Pictorially $A^k$, $B^k$ and $K_p$ look like (for $p=2, k=4$):
Now we have a differential $D:A \rightarrow A$ which defined like $D:A^k \rightarrow A^{k+1}$, $D = \delta + (-1)^p d$ where $p$ is the first degree of the argument. It is then said that this differential restricts to $D = (-1)^p d:B \rightarrow B$ in order to make the map $j: A \rightarrow B$ into a chain complex morphism, where $j:A^k \rightarrow B^k$ just takes a set of elements in the cells of $A^k$ and only keeps those elements on the diagonal which is $B^k$. At least, this is the only way I can see it defined, please correct me if I'm wrong.
My first question is, what am I getting wrong in my understanding of the situation which makes it that my $j$ is not a chain complex morphism?
What I am actually trying to understand is why can we represent an element of $E_2$ as is claimed in 162, as the class of a $b$ with $db = 0$ and $\delta b$ being $d$-exact.

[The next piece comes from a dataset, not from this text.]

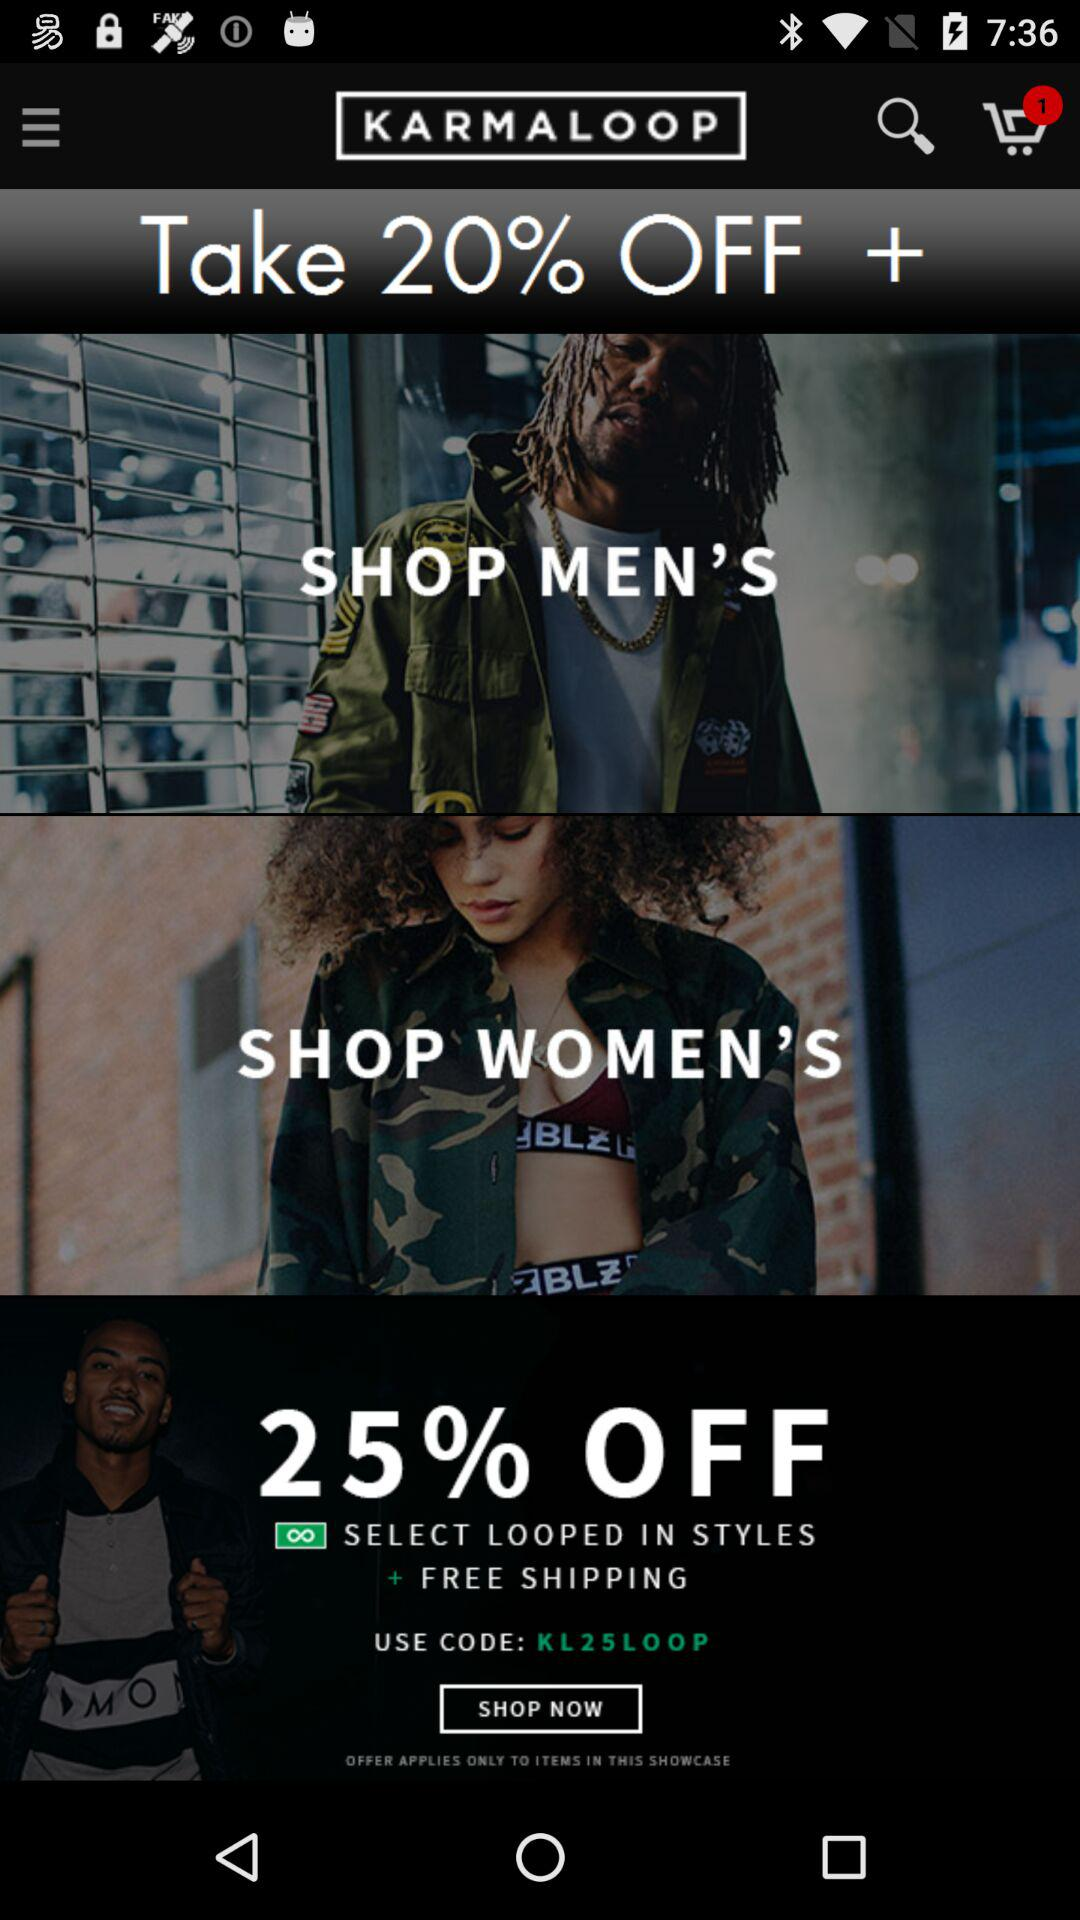How many items have a discount?
Answer the question using a single word or phrase. 2

My attempt to see this (which fails) is:
Firstly, $E_2$ is the cohomology of $E_1$ w.r.t. some induced maps $j_1$ and $k_1$, and $E_1$ is by definition $H_D(B)$, so $H_d(B)$ (because $D = (-1)^p d$) i.e. simply the cohomology we get by going vertically with $d$ - so an element in $H^k_d(B)$ is just a sequence of cohomology classes $[b_{0,k}], [b_{1, k-1}], \ldots, [b_{k, 0}]$ all satisfying $d b_{i,j} = 0$.
Now the $k_1$ is the map $\delta$ seen as $k_1: H_d(B) \rightarrow H_D(A)$, so going from $H_d^k(B)$ to $H_D^k(A)$ i.e. taking a given sequence $[b_{0,k}], [b_{1, k-1}], \ldots, [b_{k, 0}]$ as above and mapping them to $[j_1 k_1 ([b_{i,j}])$. So what this simply does is, it takes a collection of elements on the diagonal figured in red in the picture and shifts them via $\delta$ to the next diagonal ($B^{k+1}$). So the condition that the sequence $[b_{0,k}], [b_{1, k-1}], \ldots, [b_{k, 0}]$ is in $\ker j_1 k_1$ simply means that all $b_{i,j}$ are $\delta$-closed.
In conclusion, I obtain (wrongly) that elements of $E_2$ must simply be elements in $B$ which are $d$ and $\delta$ closed.
Please help me understand what I am getting wrong.